Native American Headress

NATIVE AMERICANS

WEAPONS OF MASS DESTRUCTION

PART III The Weapon of Education

    "Kill the Indian and save the man." Richard Henry Pratt.

    The following conversation was recorded between Chief Joseph of the Nez Perce tribe and one of the government commissioners who was trying to convince Chief Joseph of the advantages of having a government funded school located on the agency.
    "'Why do you not want schools?' the commissioner asked.
    "'They will teach us to have churches,' Joseph answered.
    "'Do you not want churches?'
    "'No, we do not want churches.'
    "'Why do you not want churches?'
    "'They will teach us to quarrel about God [translated Great Spirit in other places],' Joseph said. 'We do not want to learn that. We may quarrel with men sometimes about things on this earth, but we never quarrel about God. We do not want to learn about that.'" (2). What the Native Americans wanted was the ability to teach their own children their own ways without government interference.

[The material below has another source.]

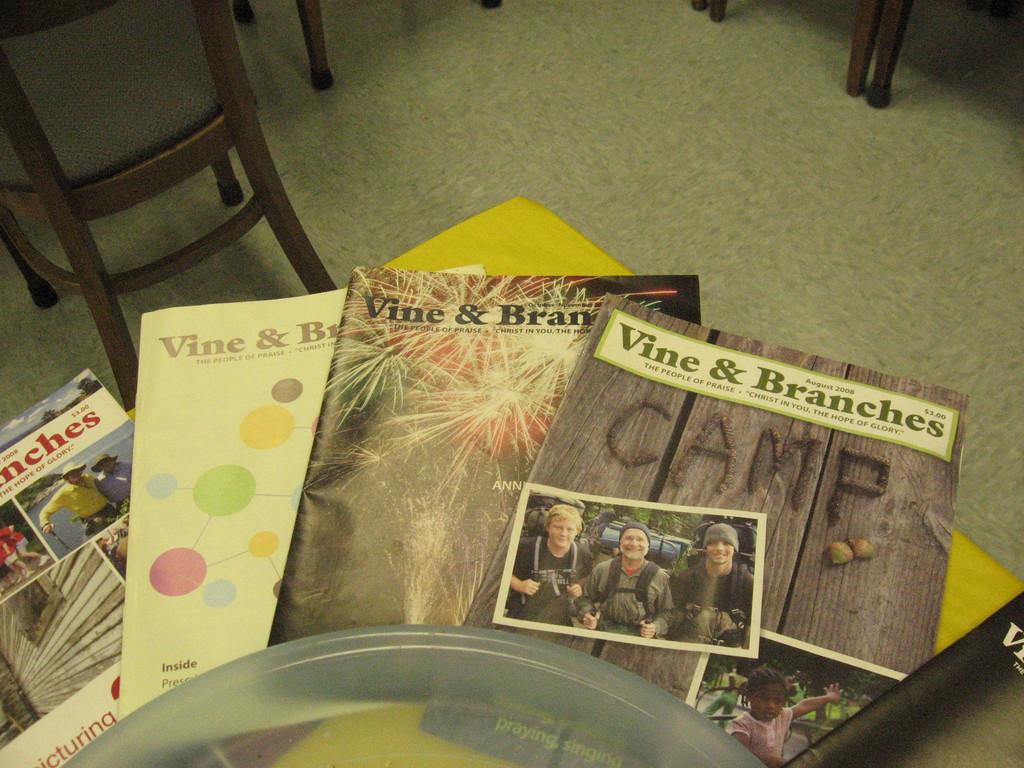<image>
Describe the image concisely. A group of magazines from Vine & branches

Not only was the government wanting to control their lands, their food and their belongings, but they wanted to change the lifestyles of the "savages" so they would be "civilized" like the white man. In other words, the Native American had to think like the white man.

    Chief Joseph saw the encroachment of a value system that he saw as corrupt being forced upon his people. The issue at hand here is individual conscience about right and wrong, religious beliefs and ethnic values, being replaced by an overriding dominance of another. Had the roles been reversed, would the commissioner have been as accepting of Native American schools and Nez Perce religious values taught in the white man's cities? The white man could not complacently accept the Native American's answer of no, we do not want your religion or value systems.

    One of the results behind forced education may be found in Senator John Logan's attack against Sitting Bull during the Dawes Commission meeting. This occurred at the Hunkpapa Sioux agency, Standing Rock, Aug. 22, 1883.

     Sitting Bull had in a previous meeting been ignored by the commission. When he was finally asked to talk after many others had spoken, he asked them if they knew who he was. They responded that he was no different from any other Native American there but they would be "glad to hear" him. Sitting Bull told them, "I am here by the will of the Great Spirit and by his will I am a chief." He accused them of "conducting yourselves like men who have been drinking whiskey." With that and a wave of his hand, every Native American in the room got up and left. The Dawes Commission sat in shock. Here was a powerful chief that rallied all Native Americans and other chiefs behind him. "Such a development endangered the entire Indian policy of the government, which aimed to eradicate everything Indian among the tribes." (2). The Hunkpapas came to Sitting Bull afterwards, assuring him of their loyalty to him. They told him that the Dawes Commission was there to help them keep their land and was not like the previous land thieves. Sitting Bull thought it over and decided to apologize to the commission.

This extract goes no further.